17 Fla. L. Weekly Supp. 215a
Online Reference: FLWSUPP 1703JON2
Insurance — Personal injury protection — Venue — Forum non conveniens — Where insurer has failed to show through sworn testimony or statements how it is inconvenienced or prejudiced by medical provider’s selection of venue, motion to transfer venue is denied
EAST SIDE CHIROPRACTIC CENTER, INC., a/a/o Dexter Jones, Plaintiff(s), vs. UNITED AUTOMOBILE INSURANCE COMPANY, Defendant. County Court, 17th Judicial Circuit in and for Broward County. Case No. 09-008939 COCE 50. January 5, 2010. Peter Q. Skolnik, Judge. Counsel: Andrew J. Weinstein. Fesner Petion.
ORDER DENYING DEFENDANT’S MOTION TO TRANSFER FOR FORUM NON-CONVENIENS
THIS CAUSE came to be heard on December 8, 2009 on Defendant’s Motion to Transfer for Forum Non-Conveniens, and the Court, having heard argument from counsel, reviewed the file and the affidavits filed by the parties, and being fully advised in the premises, finds as follows:
1. The above-captioned matter arises out of a claim for personal injury protection benefits. On or about March 10, 2009, Plaintiff filed its Complaint in Broward County.
2. On May 1, 2009, Defendant, UNITED AUTOMOBILE INSURANCE COMPANY (hereinafter “UNITED”) served its Motion to Transfer for Forum Non-Conveniens, requesting that this matter be transferred to Miami-Dade County
3. “A plaintiff has the option of ‘venue selection,’ and, as long as that selection is one of statutory alternatives, it should not be disturbed,” R.C. Storage One, Inc. v. Strand Realty, Inc., 714 So.2d 634, 635 (Fla. 4th DCA 1998). Pursuant to Fla. Stat. 47.011, “actions shall be brought only in the county where the defendant resides, where the cause of action accrued, or where the property in litigation is located.”
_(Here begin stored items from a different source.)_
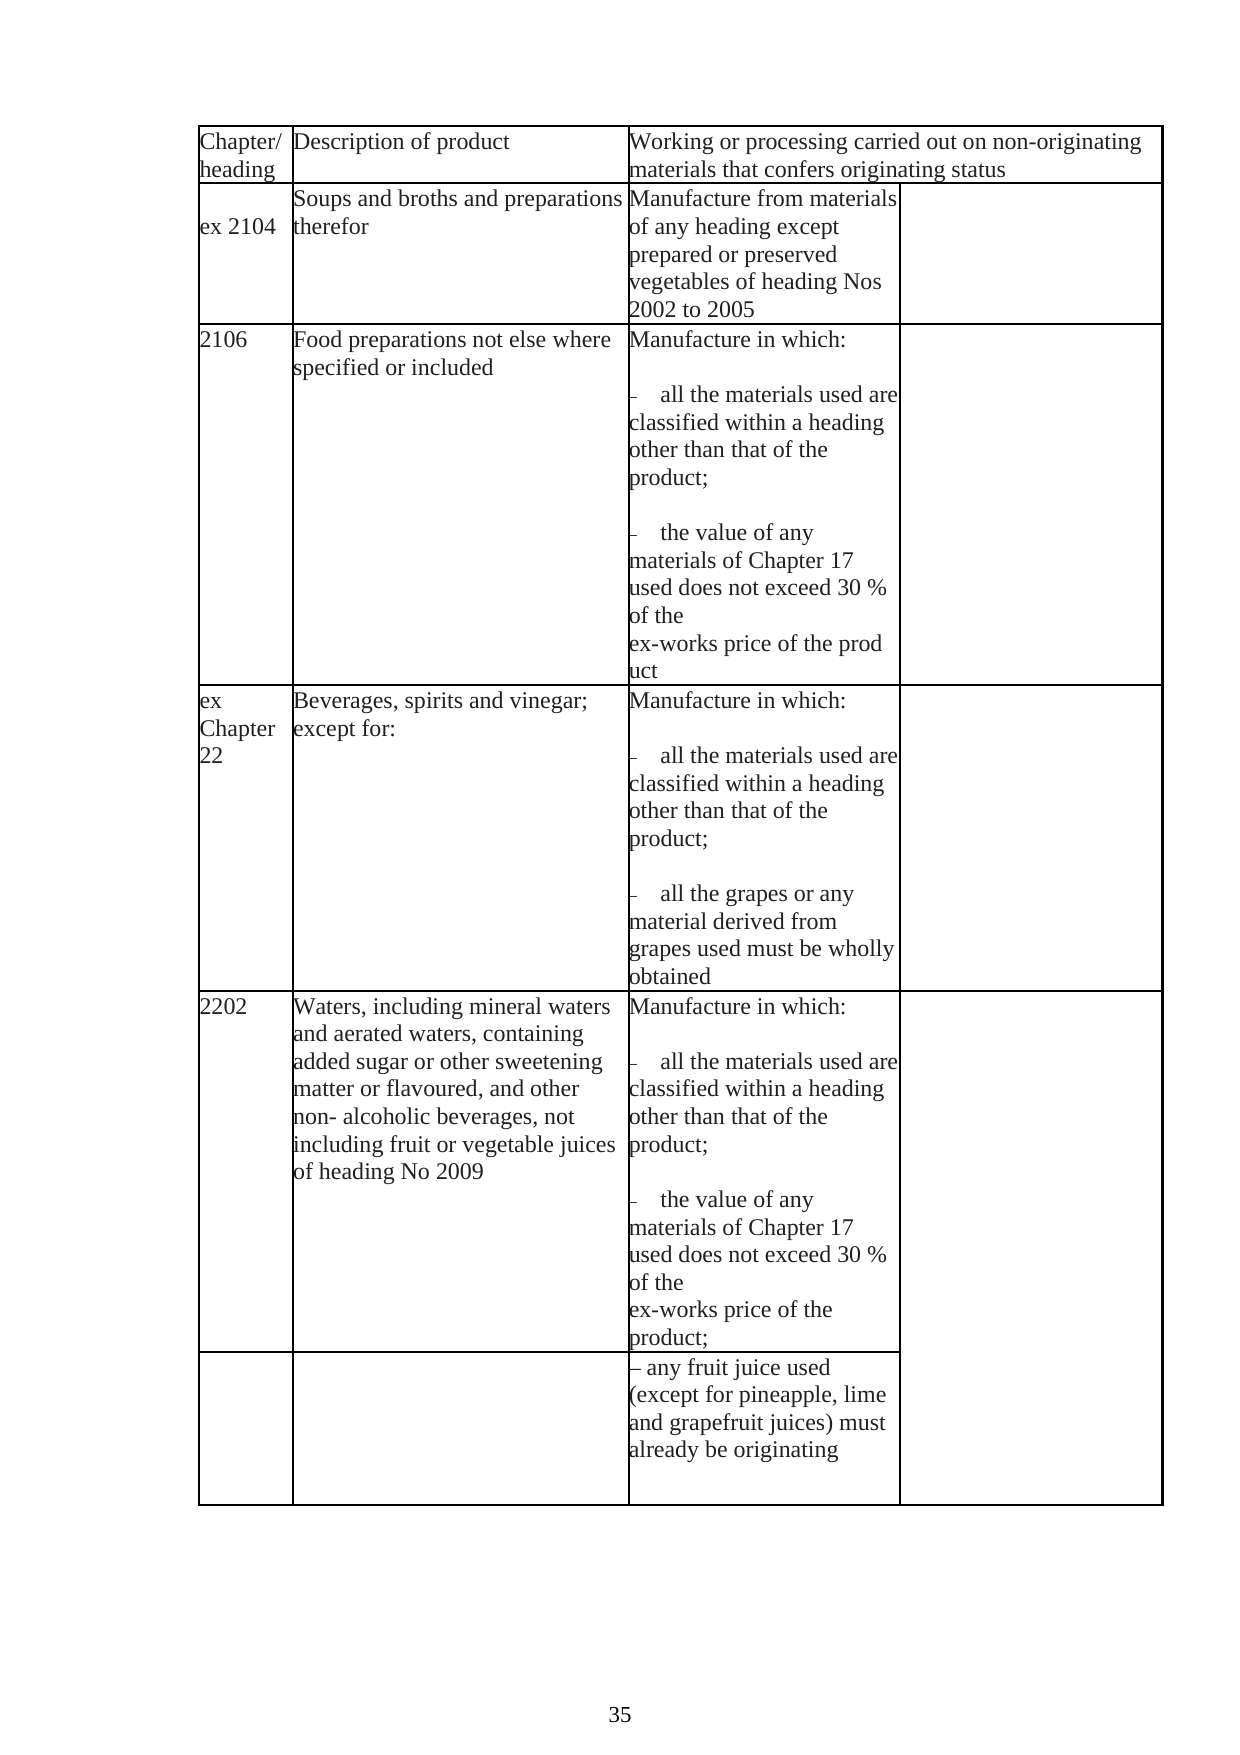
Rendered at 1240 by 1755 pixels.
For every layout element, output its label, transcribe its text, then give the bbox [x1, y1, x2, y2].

table_cell ex 2104 [200, 184, 292, 323]
table_cell Manufacture in which: all the materials used are classified within a heading other than that of the product; the value of any materials of Chapter 17 used does not exceed 30 % of the ex-works price of the prod­ uct [630, 325, 899, 684]
table_cell [901, 686, 1161, 989]
table_cell Waters, including mineral waters and aerated waters, containing added sugar or other sweetening matter or flavoured, and other non- alcoholic beverages, not including fruit or vegetable juices of heading No 2009 [294, 992, 628, 1351]
table_cell [200, 1353, 292, 1503]
table_cell 2202 [200, 992, 292, 1351]
table_header Chapter/ heading [200, 127, 292, 182]
table_cell [901, 992, 1161, 1503]
table_cell 2106 [200, 325, 292, 684]
table_cell Beverages, spirits and vinegar; except for: [294, 686, 628, 989]
table_cell Soups and broths and preparations therefor [294, 184, 628, 323]
table_cell Manufacture in which: all the materials used are classified within a heading other than that of the product; all the grapes or any material derived from grapes used must be wholly obtained [630, 686, 899, 989]
table_cell Manufacture in which: all the materials used are classified within a heading other than that of the product; the value of any materials of Chapter 17 used does not exceed 30 % of the ex-works price of the product; [630, 992, 899, 1351]
table_header Working or processing carried out on non-originating materials that confers originating status [630, 127, 1161, 182]
table_cell Food preparations not else­ where specified or included [294, 325, 628, 684]
table_cell Manufacture from materials of any heading except prepared or preserved vegetables of heading Nos 2002 to 2005 [630, 184, 899, 323]
table_cell – any fruit juice used (except for pineapple, lime and grapefruit juices) must already be originating [630, 1353, 899, 1503]
table_header Description of product [294, 127, 628, 182]
table_cell [901, 325, 1161, 684]
table_cell ex Chapter 22 [200, 686, 292, 989]
table_cell [294, 1353, 628, 1503]
table_cell [901, 184, 1161, 323]

4. The plaintiff’s selection of venue is presumptively correct and the party challenging venue has the burden to demonstrate impropriety of plaintiff’s choice. See Carlson-Southeast Corp. v. Geolithic, 530 So.2d 1069 (Fla. App. 1 Dist. 1988); Hu v. Crockett, 426 So.2d 1275, 1278-79 (Fla. App. 1 Dist. 1983); Florida Forms, Inc. v. Barkett Computer Services, Inc., 311 So.2d 730 (Fla. App. 4 Dist. 1975). Thus, a plaintiff’s selection will not be disturbed if its venue choice is consistent with one of the statutory alternatives pursuant to section 47.051, Fla. Stat. (2005). See Perry Building Systems, Inc. v. Hayes & Bates, Inc., 361 So.2d 443 (Fla. App. 1 Dist. 1978).
5. “Other county courts have found that in an action for personal injury protection benefits, venue is proper in any county in the state,” Tallahassee MRI, P.A. v. Progressive Express Insurance Co., 11 Fla. L. Weekly Supp. 68c (Fla. Broward Cty. Ct., Nov. 17, 2003). See also Lasiter v. Liberty Mutual Insurance Company, 8 Fla. L. Weekly Supp. 859a (Fla. Polk Cty. Ct. 2001).
7. The case law is clear that “while the trial court has broad discretion in venue matters, it has been held that the movant must furnish a sufficient factual basis for the existence of that discretion. It must be based upon a showing that the parties or witnesses will suffer substantial inconvenience or undue expense due to the chosen forum,” GEICO v. Burns, 672 So.2d 834 (Fla. 3rd DCA 1996); Colonial Chiropractic Center v. State Farm Fire and Casualty Company, 12 Fla. L. Weekly Supp. 397a (17th Cir. Ct., Jan. 7, 2005).
8. This Court finds that UNITED failed to furnish a sufficient factual basis for this Court to consider a change of venue, and UNITED has failed to show this Court, through sworn testimony or statements of the parties or witnesses, how the Defendant is inconvenienced or prejudiced.
Therefore, it is
ORDERED AND ADJUDGED that Defendant’s Motion to Transfer for Forum Non-Conveniens be and the same is hereby Denied.